Abaqus 6.11 general release products are available on DVD-ROM. Limited availability products are available on the SIMULIA ftp site. Contact your local office or representative for details. Products supported on each of the following combinations of supported operating systems and processors are summarized in Table 1–1. Interactive products include Abaqus/CAE and Abaqus/Viewer. Analysis products include Abaqus/Standard, Abaqus/Explicit, and Abaqus/CFD.

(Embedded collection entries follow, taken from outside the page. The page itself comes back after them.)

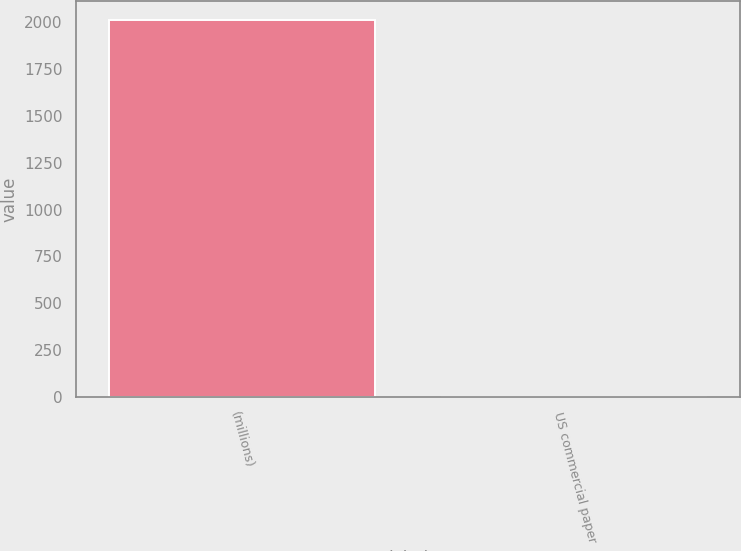Convert chart. <chart><loc_0><loc_0><loc_500><loc_500><bar_chart><fcel>(millions)<fcel>US commercial paper<nl><fcel>2011<fcel>0.24<nl></chart> 
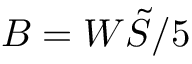Convert formula to latex. <formula><loc_0><loc_0><loc_500><loc_500>B = W \tilde { S } / 5</formula> 
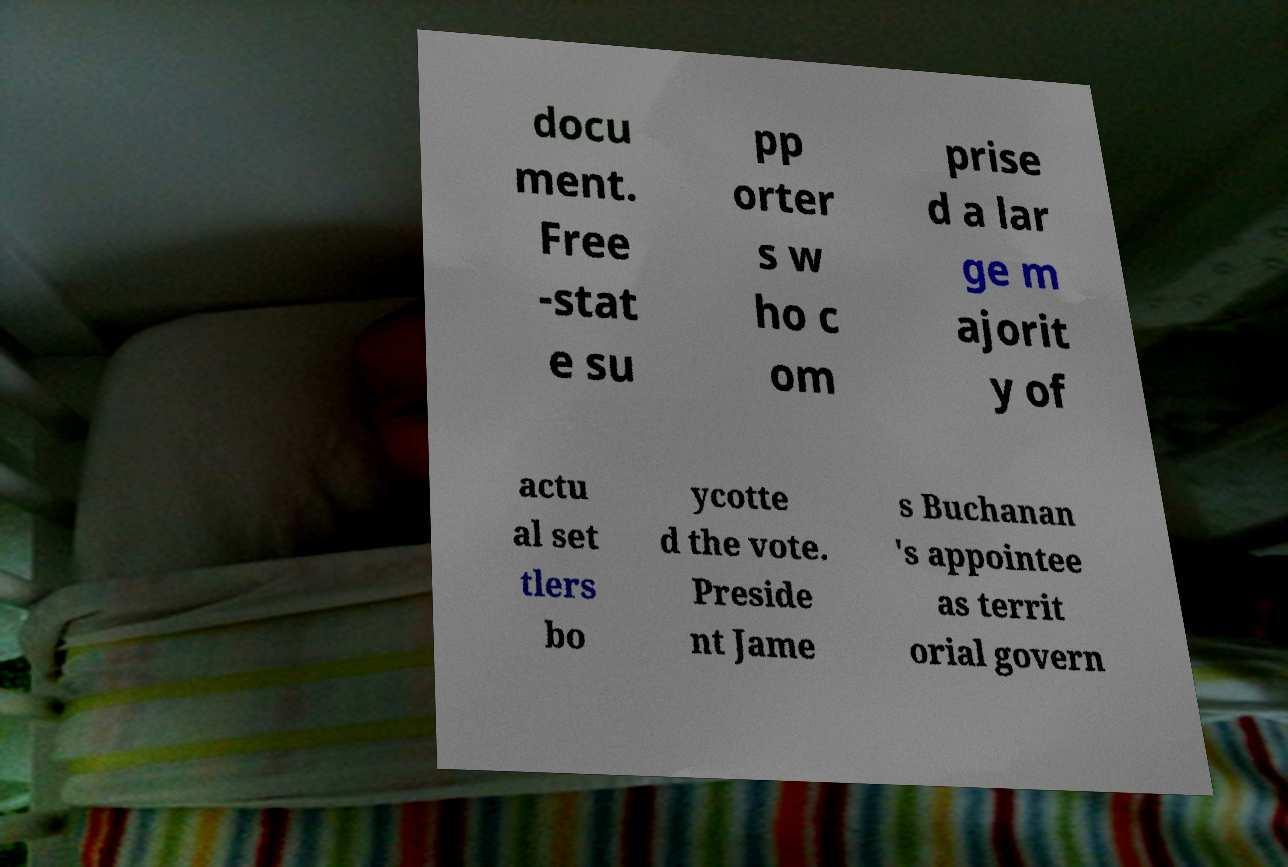Please identify and transcribe the text found in this image. docu ment. Free -stat e su pp orter s w ho c om prise d a lar ge m ajorit y of actu al set tlers bo ycotte d the vote. Preside nt Jame s Buchanan 's appointee as territ orial govern 
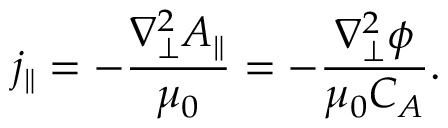<formula> <loc_0><loc_0><loc_500><loc_500>j _ { \| } = - \frac { \nabla _ { \perp } ^ { 2 } A _ { \| } } { \mu _ { 0 } } = - \frac { \nabla _ { \perp } ^ { 2 } \phi } { \mu _ { 0 } C _ { A } } .</formula>

For current and complete details on supported Abaqus products and platforms, including platform information for add-on products, interfaces, and translators, refer to the Abaqus systems information available through the Support page at www.simulia.com. For more information, see Appendix A, “System requirements,” of the Abaqus Installation and Licensing Guide.

The remaining chapters in this book provide details on these and other new features of Abaqus 6.11. In addition to the enhancements listed here, most of the known bugs in Abaqus 6.10 are corrected.